[YOUR TASK]
Among the entries, find the lines with the string "Activities" and copy them.

Stored items from a collection
>>>
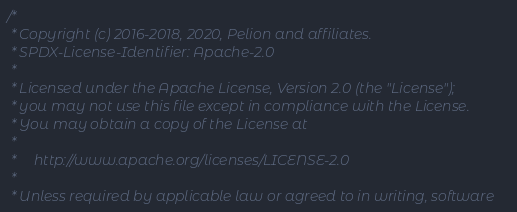<code> <loc_0><loc_0><loc_500><loc_500><_C_>/*
 * Copyright (c) 2016-2018, 2020, Pelion and affiliates.
 * SPDX-License-Identifier: Apache-2.0
 *
 * Licensed under the Apache License, Version 2.0 (the "License");
 * you may not use this file except in compliance with the License.
 * You may obtain a copy of the License at
 *
 *     http://www.apache.org/licenses/LICENSE-2.0
 *
 * Unless required by applicable law or agreed to in writing, software</code> 
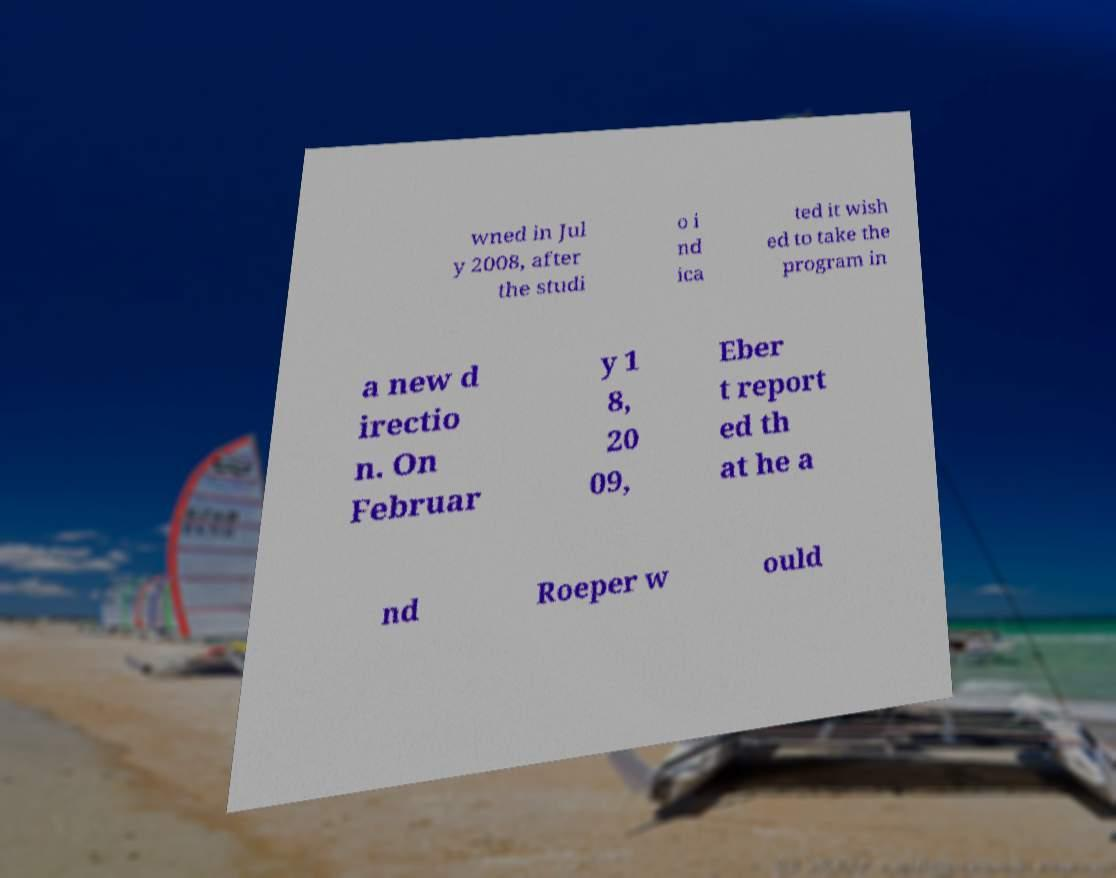Can you accurately transcribe the text from the provided image for me? wned in Jul y 2008, after the studi o i nd ica ted it wish ed to take the program in a new d irectio n. On Februar y 1 8, 20 09, Eber t report ed th at he a nd Roeper w ould 
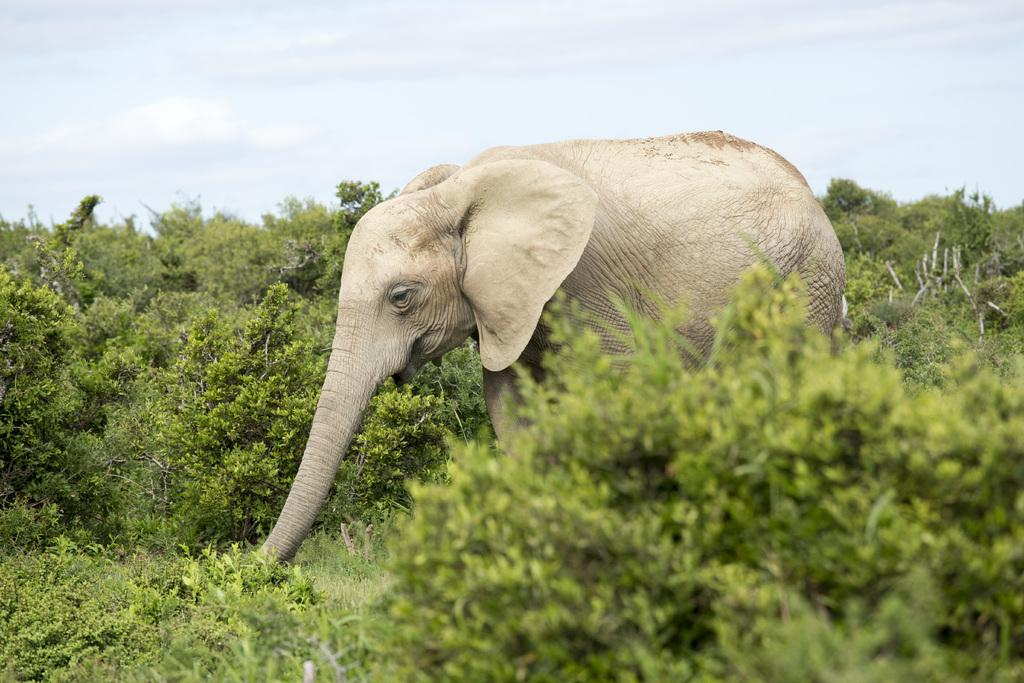What is the main subject in the foreground of the image? There is an elephant in the foreground of the image. What else can be seen in the foreground of the image besides the elephant? There is greenery in the foreground of the image. What is visible in the background of the image? The sky is visible in the background of the image. Where is the secretary sitting with the loaf of bread in the image? There is no secretary or loaf of bread present in the image. Can you describe the tub that the elephant is standing in the image? There is no tub in the image; the elephant is standing on greenery in the foreground. 
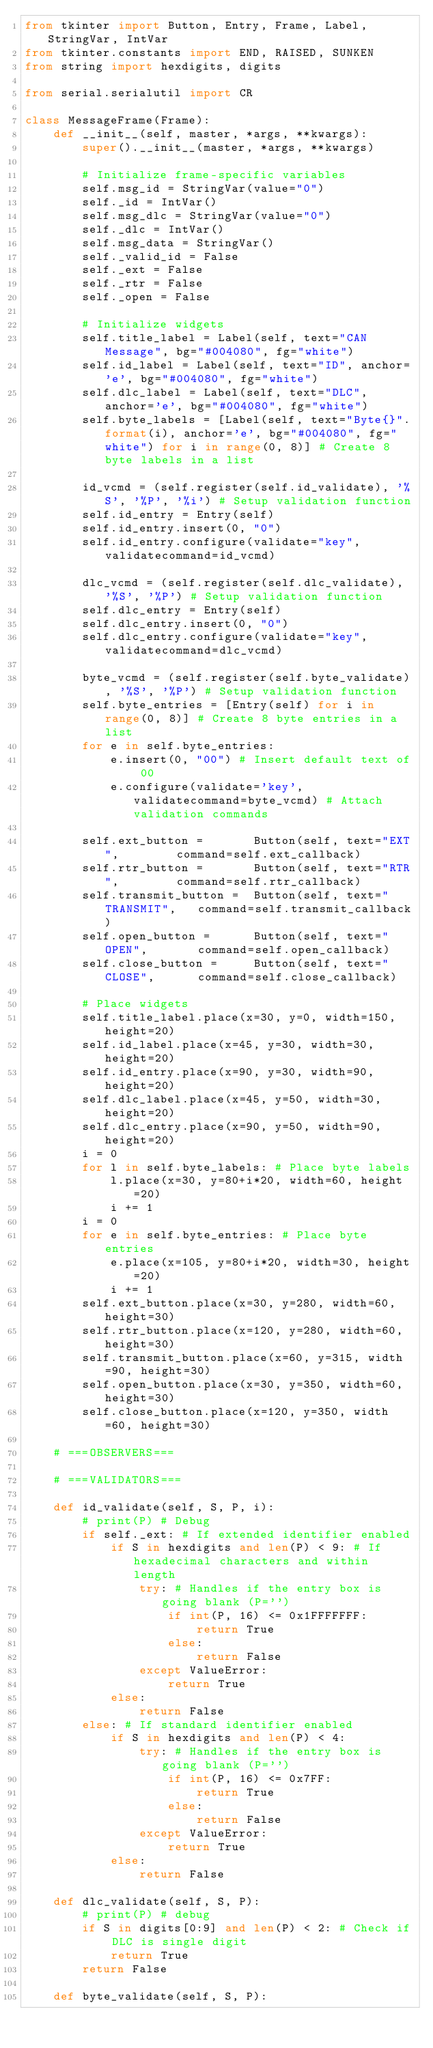<code> <loc_0><loc_0><loc_500><loc_500><_Python_>from tkinter import Button, Entry, Frame, Label, StringVar, IntVar
from tkinter.constants import END, RAISED, SUNKEN
from string import hexdigits, digits

from serial.serialutil import CR

class MessageFrame(Frame):
    def __init__(self, master, *args, **kwargs):
        super().__init__(master, *args, **kwargs)

        # Initialize frame-specific variables
        self.msg_id = StringVar(value="0")
        self._id = IntVar()
        self.msg_dlc = StringVar(value="0")
        self._dlc = IntVar()
        self.msg_data = StringVar()
        self._valid_id = False
        self._ext = False
        self._rtr = False
        self._open = False

        # Initialize widgets
        self.title_label = Label(self, text="CAN Message", bg="#004080", fg="white")
        self.id_label = Label(self, text="ID", anchor='e', bg="#004080", fg="white")
        self.dlc_label = Label(self, text="DLC", anchor='e', bg="#004080", fg="white")
        self.byte_labels = [Label(self, text="Byte{}".format(i), anchor='e', bg="#004080", fg="white") for i in range(0, 8)] # Create 8 byte labels in a list

        id_vcmd = (self.register(self.id_validate), '%S', '%P', '%i') # Setup validation function
        self.id_entry = Entry(self)
        self.id_entry.insert(0, "0")
        self.id_entry.configure(validate="key", validatecommand=id_vcmd)

        dlc_vcmd = (self.register(self.dlc_validate), '%S', '%P') # Setup validation function
        self.dlc_entry = Entry(self)
        self.dlc_entry.insert(0, "0")
        self.dlc_entry.configure(validate="key", validatecommand=dlc_vcmd)

        byte_vcmd = (self.register(self.byte_validate), '%S', '%P') # Setup validation function
        self.byte_entries = [Entry(self) for i in range(0, 8)] # Create 8 byte entries in a list
        for e in self.byte_entries:
            e.insert(0, "00") # Insert default text of 00
            e.configure(validate='key', validatecommand=byte_vcmd) # Attach validation commands

        self.ext_button =       Button(self, text="EXT",        command=self.ext_callback)
        self.rtr_button =       Button(self, text="RTR",        command=self.rtr_callback)
        self.transmit_button =  Button(self, text="TRANSMIT",   command=self.transmit_callback)
        self.open_button =      Button(self, text="OPEN",       command=self.open_callback)
        self.close_button =     Button(self, text="CLOSE",      command=self.close_callback)

        # Place widgets
        self.title_label.place(x=30, y=0, width=150, height=20)
        self.id_label.place(x=45, y=30, width=30, height=20)
        self.id_entry.place(x=90, y=30, width=90, height=20)
        self.dlc_label.place(x=45, y=50, width=30, height=20)
        self.dlc_entry.place(x=90, y=50, width=90, height=20)
        i = 0
        for l in self.byte_labels: # Place byte labels
            l.place(x=30, y=80+i*20, width=60, height=20)
            i += 1
        i = 0
        for e in self.byte_entries: # Place byte entries
            e.place(x=105, y=80+i*20, width=30, height=20)
            i += 1
        self.ext_button.place(x=30, y=280, width=60, height=30)
        self.rtr_button.place(x=120, y=280, width=60, height=30)
        self.transmit_button.place(x=60, y=315, width=90, height=30)
        self.open_button.place(x=30, y=350, width=60, height=30)
        self.close_button.place(x=120, y=350, width=60, height=30)

    # ===OBSERVERS===

    # ===VALIDATORS===

    def id_validate(self, S, P, i):
        # print(P) # Debug
        if self._ext: # If extended identifier enabled
            if S in hexdigits and len(P) < 9: # If hexadecimal characters and within length
                try: # Handles if the entry box is going blank (P='')
                    if int(P, 16) <= 0x1FFFFFFF:
                        return True
                    else:
                        return False
                except ValueError:
                    return True
            else:
                return False
        else: # If standard identifier enabled
            if S in hexdigits and len(P) < 4:
                try: # Handles if the entry box is going blank (P='')
                    if int(P, 16) <= 0x7FF:
                        return True
                    else:
                        return False
                except ValueError:
                    return True
            else:
                return False

    def dlc_validate(self, S, P):
        # print(P) # debug
        if S in digits[0:9] and len(P) < 2: # Check if DLC is single digit
            return True
        return False

    def byte_validate(self, S, P):</code> 
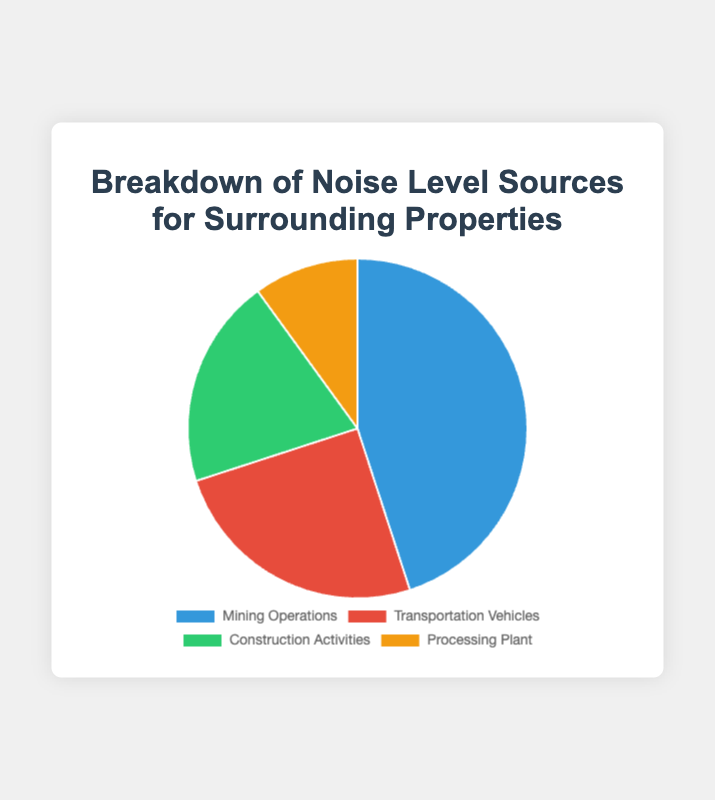What percentage of noise is produced by the Transportation Vehicles? The figure shows that Transportation Vehicles account for 25% of the total noise level sources.
Answer: 25% Which noise source contributes the most to the noise levels around the properties? The figure clearly indicates that Mining Operations have the largest share of noise contribution at 45%.
Answer: Mining Operations How much more noise is generated by Mining Operations compared to the Processing Plant? Mining Operations contribute 45% and the Processing Plant contributes 10%. The difference is 45% - 10% = 35%.
Answer: 35% What is the combined percentage of noise contributions from Construction Activities and the Processing Plant? Construction Activities contribute 20% and the Processing Plant contributes 10%. Combined, they contribute 20% + 10% = 30%.
Answer: 30% Out of the four sources, which two contribute equally to the noise levels? None of the sources shown in the figure have the same percentage, thus there are no pairs contributing equally.
Answer: None What color represents the noise percentage contributed by the Processing Plant? The Processing Plant segment is visually represented by the color orange in the chart.
Answer: Orange Is there any source of noise that contributes less than 15%? The Processing Plant is the only source that contributes less than 15% to the noise levels, specifically 10%.
Answer: Yes Rank the noise sources from highest to lowest contribution. The noise sources, from highest to lowest contribution, are: Mining Operations (45%), Transportation Vehicles (25%), Construction Activities (20%), Processing Plant (10%).
Answer: Mining Operations > Transportation Vehicles > Construction Activities > Processing Plant Is the combined noise contribution from Transportation Vehicles and Construction Activities greater than the contribution from Mining Operations? The combined percentage of noise from Transportation Vehicles (25%) and Construction Activities (20%) is 25% + 20% = 45%, which is equal to the contribution from Mining Operations.
Answer: Equal What is the average percentage of noise contributed by all sources? The total percentage is 45% + 25% + 20% + 10% = 100%. There are 4 sources, so the average is 100% / 4 = 25%.
Answer: 25% 
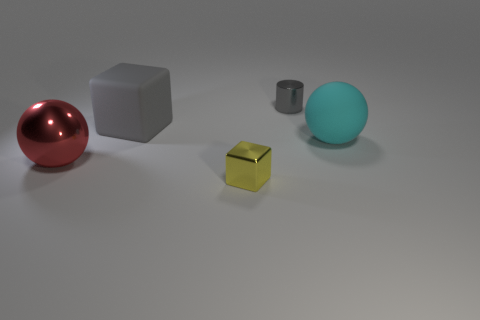Add 4 large green blocks. How many objects exist? 9 Subtract all balls. How many objects are left? 3 Subtract 1 yellow blocks. How many objects are left? 4 Subtract all large gray objects. Subtract all big red metal things. How many objects are left? 3 Add 2 yellow metallic cubes. How many yellow metallic cubes are left? 3 Add 1 green matte things. How many green matte things exist? 1 
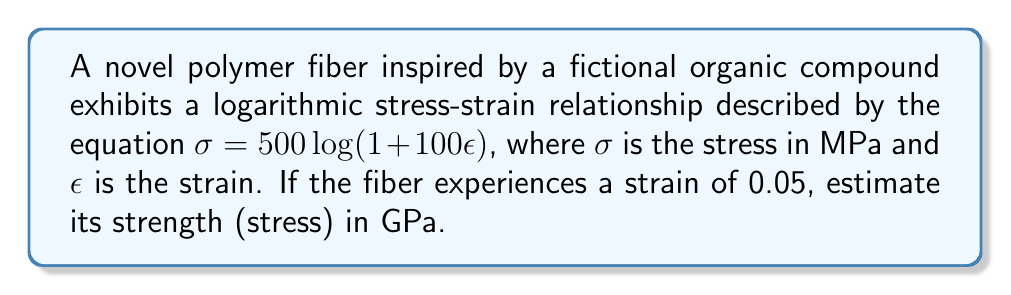Can you answer this question? To solve this problem, we'll follow these steps:

1) We're given the stress-strain relationship:
   $\sigma = 500 \log(1 + 100\epsilon)$

2) We need to find $\sigma$ when $\epsilon = 0.05$

3) Let's substitute $\epsilon = 0.05$ into the equation:
   $\sigma = 500 \log(1 + 100(0.05))$

4) Simplify inside the parentheses:
   $\sigma = 500 \log(1 + 5)$
   $\sigma = 500 \log(6)$

5) Calculate $\log(6)$ (using base 10 logarithm):
   $\log(6) \approx 0.7781513$

6) Multiply by 500:
   $\sigma = 500 * 0.7781513 \approx 389.07565$ MPa

7) Convert MPa to GPa:
   $389.07565$ MPa = $0.38907565$ GPa

8) Round to three significant figures:
   $0.389$ GPa

Therefore, the estimated strength of the polymer fiber at a strain of 0.05 is 0.389 GPa.
Answer: 0.389 GPa 
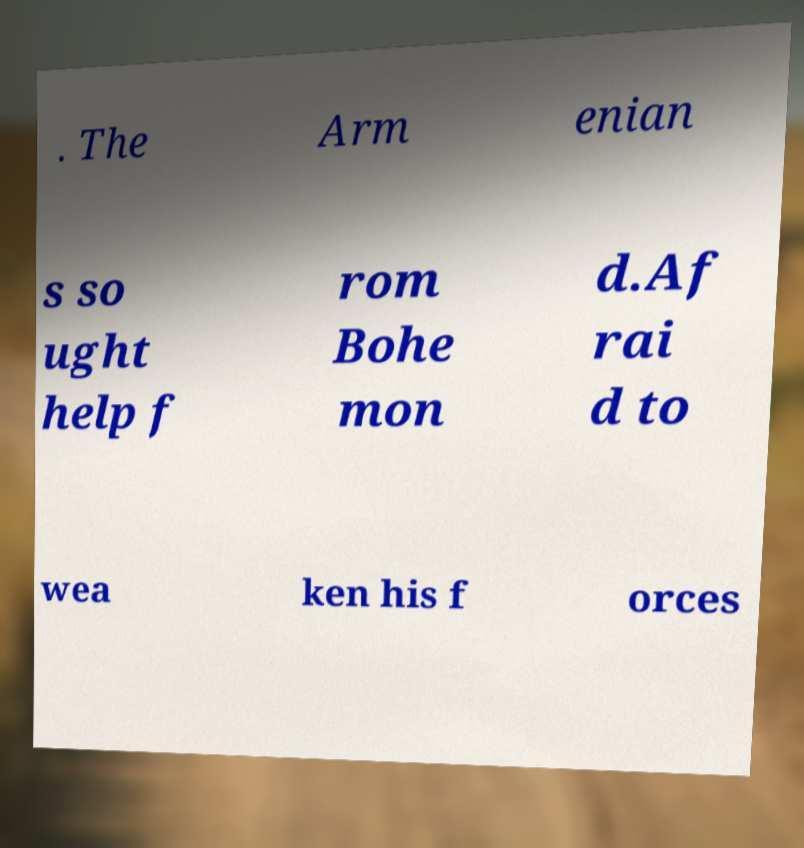Can you accurately transcribe the text from the provided image for me? . The Arm enian s so ught help f rom Bohe mon d.Af rai d to wea ken his f orces 
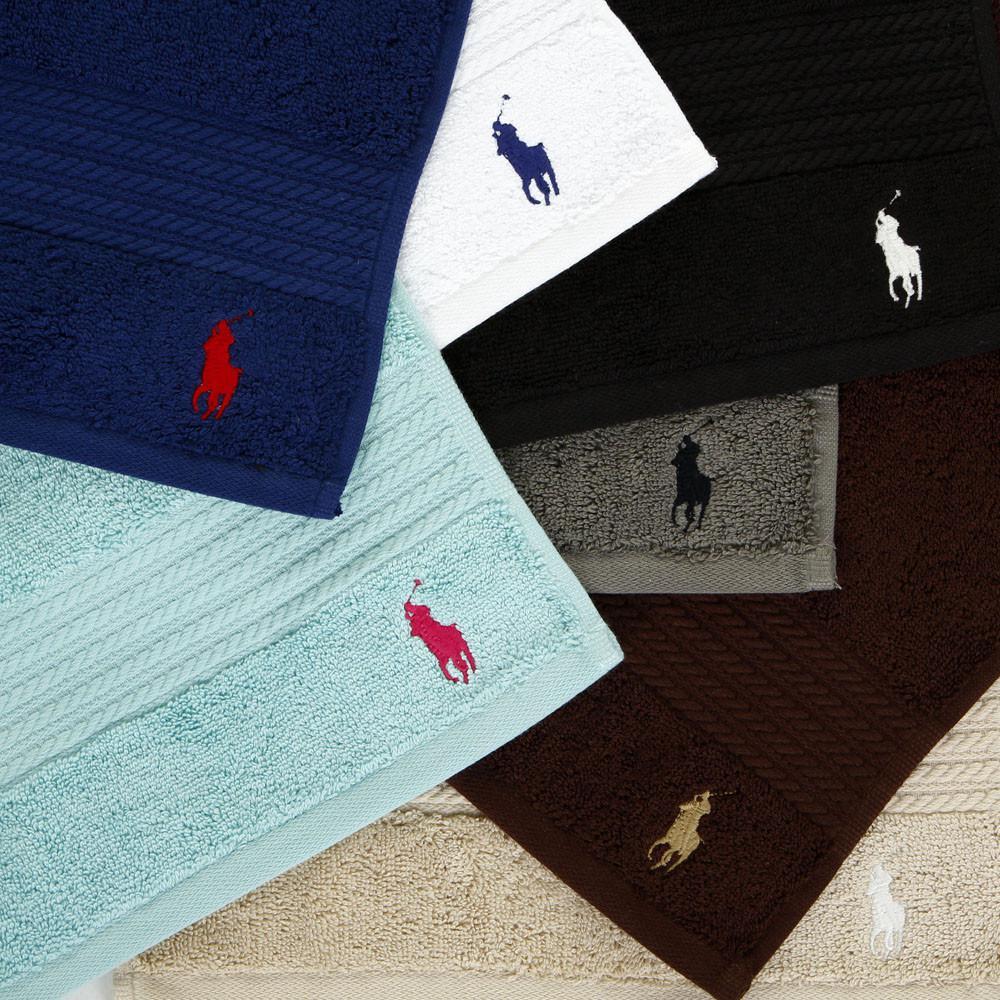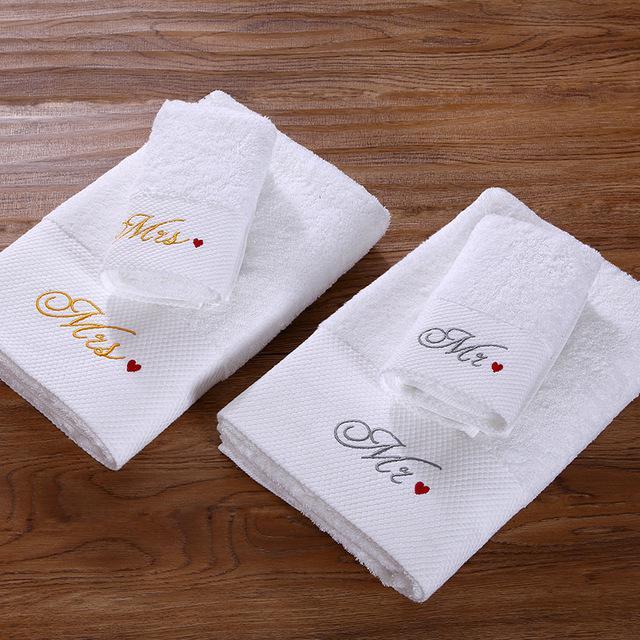The first image is the image on the left, the second image is the image on the right. For the images shown, is this caption "The right image contains only white towels, while the left image has at least one blue towel." true? Answer yes or no. Yes. 
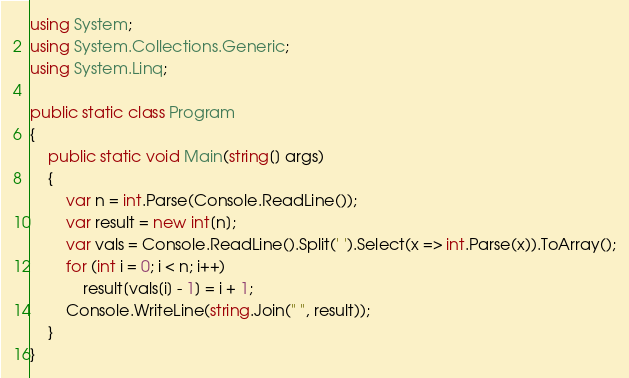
<<<
[FINISHED EXERCISE]
Answer: 35% What is the combined percentage of noise contributions from Construction Activities and the Processing Plant? Construction Activities contribute 20% and the Processing Plant contributes 10%. Combined, they contribute 20% + 10% = 30%.
Answer: Yes Rank the noise sources from highest to lowest contribution. The noise sources, from highest to lowest contribution, are: Mining Operations (45%), Transportation Vehicles (25%), Construction Activities (20%), Processing Plant (10%).
Answer: Mining Operations > Transportation Vehicles > Construction Activities > Processing Plant Is the combined noise contribution from Transportation Vehicles and Construction Activities greater than the contribution from Mining Operations? The combined percentage of noise from Transportation Vehicles (25%) and Construction Activities (20%) is 25% + 20% = 45%, which is equal to the contribution from Mining Operations.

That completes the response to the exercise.